Power is defined as the amount of energy consumed per second. To get the energy consumption of the sensor application, the power numbers are multiplied with the execution time of the application. The execution time of the sensor application can be calculated by dividing the measured cycle count by the clock frequency. The power number and the cycle count is better for configuration 2, reducing the total energy consumption of the sensor application by a factor of 9.55x from 1271 nJ to (1271 x 0.106 x 0.988) = 133 nJ (Fig. 3).

Conclusion

The goal of virtually every wearable and portable IoT device is to be able to provide more functionality and processing capability while using minimum power. Achieving this goal gives users a much better experience and maintains or extends the device’s battery life.

This ever-increasing demand for smaller devices with more functionality, longer battery life, and shorter time-to-market has accelerated the need for a new breed of low-power embedded processors and subsystems. Standard and general-purpose processors are less and less suited to the demands of these kinds of applications.

The configurable and extensible ARC EM4 Processor, with its lower power, higher performance efficiency than competing 32-bit processor cores, configurability, and extensibility, is an example of the new breed of processors that is needed to better meet the needs of these demanding applications.
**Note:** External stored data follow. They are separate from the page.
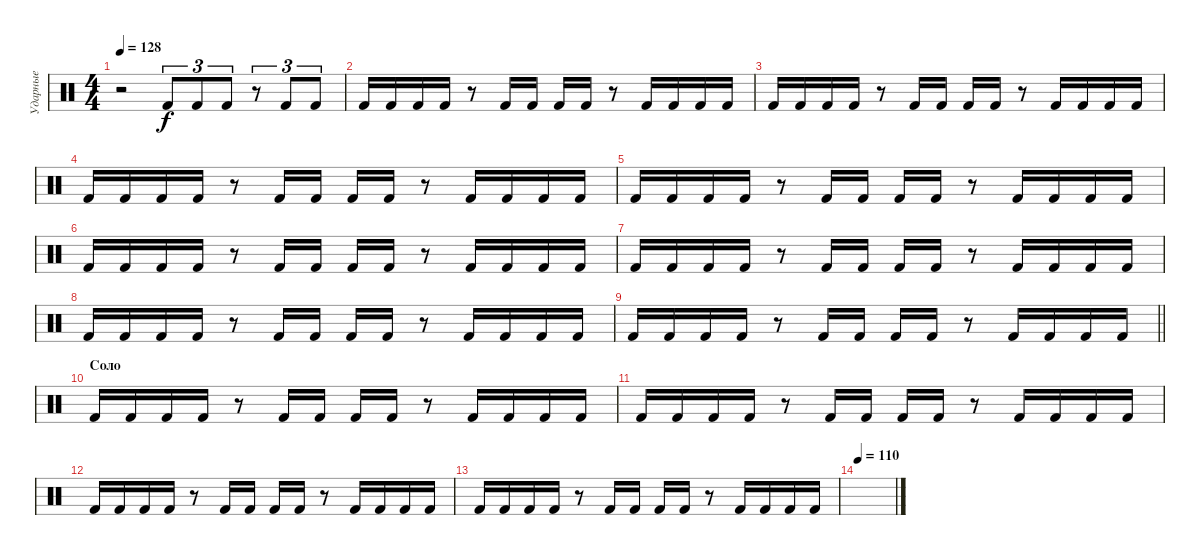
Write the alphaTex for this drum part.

\track ("Ударные" "Ударные") {instrument percussion}
\staff {score}
\articulation defaults
\ts (4 4)
\tempo 128
\clef neutral
\ks c
r.2{dy f} "Kick (hit) 2".8{tu (3 2)} "Kick (hit) 2".8{tu (3 2)} "Kick (hit) 2".8{tu (3 2)} r.8{tu (3 2)} "Kick (hit) 2".8{tu (3 2)} "Kick (hit) 2".8{tu (3 2)} |
"Kick (hit) 2".16 "Kick (hit) 2".16 "Kick (hit) 2".16 "Kick (hit) 2".16 r.8 "Kick (hit) 2".16 "Kick (hit) 2".16 "Kick (hit) 2".16 "Kick (hit) 2".16 r.8 "Kick (hit) 2".16 "Kick (hit) 2".16 "Kick (hit) 2".16 "Kick (hit) 2".16 |
"Kick (hit) 2".16 "Kick (hit) 2".16 "Kick (hit) 2".16 "Kick (hit) 2".16 r.8 "Kick (hit) 2".16 "Kick (hit) 2".16 "Kick (hit) 2".16 "Kick (hit) 2".16 r.8 "Kick (hit) 2".16 "Kick (hit) 2".16 "Kick (hit) 2".16 "Kick (hit) 2".16 |
"Kick (hit) 2".16 "Kick (hit) 2".16 "Kick (hit) 2".16 "Kick (hit) 2".16 r.8 "Kick (hit) 2".16 "Kick (hit) 2".16 "Kick (hit) 2".16 "Kick (hit) 2".16 r.8 "Kick (hit) 2".16 "Kick (hit) 2".16 "Kick (hit) 2".16 "Kick (hit) 2".16 |
"Kick (hit) 2".16 "Kick (hit) 2".16 "Kick (hit) 2".16 "Kick (hit) 2".16 r.8 "Kick (hit) 2".16 "Kick (hit) 2".16 "Kick (hit) 2".16 "Kick (hit) 2".16 r.8 "Kick (hit) 2".16 "Kick (hit) 2".16 "Kick (hit) 2".16 "Kick (hit) 2".16 |
"Kick (hit) 2".16 "Kick (hit) 2".16 "Kick (hit) 2".16 "Kick (hit) 2".16 r.8 "Kick (hit) 2".16 "Kick (hit) 2".16 "Kick (hit) 2".16 "Kick (hit) 2".16 r.8 "Kick (hit) 2".16 "Kick (hit) 2".16 "Kick (hit) 2".16 "Kick (hit) 2".16 |
"Kick (hit) 2".16 "Kick (hit) 2".16 "Kick (hit) 2".16 "Kick (hit) 2".16 r.8 "Kick (hit) 2".16 "Kick (hit) 2".16 "Kick (hit) 2".16 "Kick (hit) 2".16 r.8 "Kick (hit) 2".16 "Kick (hit) 2".16 "Kick (hit) 2".16 "Kick (hit) 2".16 |
"Kick (hit) 2".16 "Kick (hit) 2".16 "Kick (hit) 2".16 "Kick (hit) 2".16 r.8 "Kick (hit) 2".16 "Kick (hit) 2".16 "Kick (hit) 2".16 "Kick (hit) 2".16 r.8 "Kick (hit) 2".16 "Kick (hit) 2".16 "Kick (hit) 2".16 "Kick (hit) 2".16 |
\barLineRight lightlight "Kick (hit) 2".16 "Kick (hit) 2".16 "Kick (hit) 2".16 "Kick (hit) 2".16
r.8 "Kick (hit) 2".16 "Kick (hit) 2".16 "Kick (hit) 2".16 "Kick (hit) 2".16 r.8 "Kick (hit) 2".16 "Kick (hit) 2".16 "Kick (hit) 2".16 "Kick (hit) 2".16 |
\section ("" "Соло")
"Kick (hit) 2".16 "Kick (hit) 2".16 "Kick (hit) 2".16 "Kick (hit) 2".16 r.8 "Kick (hit) 2".16 "Kick (hit) 2".16 "Kick (hit) 2".16 "Kick (hit) 2".16 r.8 "Kick (hit) 2".16 "Kick (hit) 2".16 "Kick (hit) 2".16 "Kick (hit) 2".16 |
"Kick (hit) 2".16 "Kick (hit) 2".16 "Kick (hit) 2".16 "Kick (hit) 2".16 r.8 "Kick (hit) 2".16 "Kick (hit) 2".16 "Kick (hit) 2".16 "Kick (hit) 2".16 r.8 "Kick (hit) 2".16 "Kick (hit) 2".16 "Kick (hit) 2".16 "Kick (hit) 2".16 |
"Kick (hit) 2".16 "Kick (hit) 2".16 "Kick (hit) 2".16 "Kick (hit) 2".16 r.8 "Kick (hit) 2".16 "Kick (hit) 2".16 "Kick (hit) 2".16 "Kick (hit) 2".16 r.8 "Kick (hit) 2".16 "Kick (hit) 2".16 "Kick (hit) 2".16 "Kick (hit) 2".16 |
"Kick (hit) 2".16 "Kick (hit) 2".16 "Kick (hit) 2".16 "Kick (hit) 2".16 r.8 "Kick (hit) 2".16 "Kick (hit) 2".16 "Kick (hit) 2".16 "Kick (hit) 2".16 r.8 "Kick (hit) 2".16 "Kick (hit) 2".16 "Kick (hit) 2".16 "Kick (hit) 2".16 |
\tempo 110

Paul Garden is the product marketing manager for DesignWare ARC Processors at Synopsys. He brings 20 years of experience in the field of CPU processor IP and 8-, 16, and 32-bit microcontrollers. Prior to joining Synopsys, he held a variety of engineering and marketing positions at Microchip, Renesas, and ARM, where he was product marketing manager for the ARM® Cortex™-M3 MCU core and the ARM926EJ-S™ application processor CPU. He holds a bachelor of engineering degree in electronic engineering from the University of Plymouth in the U.K.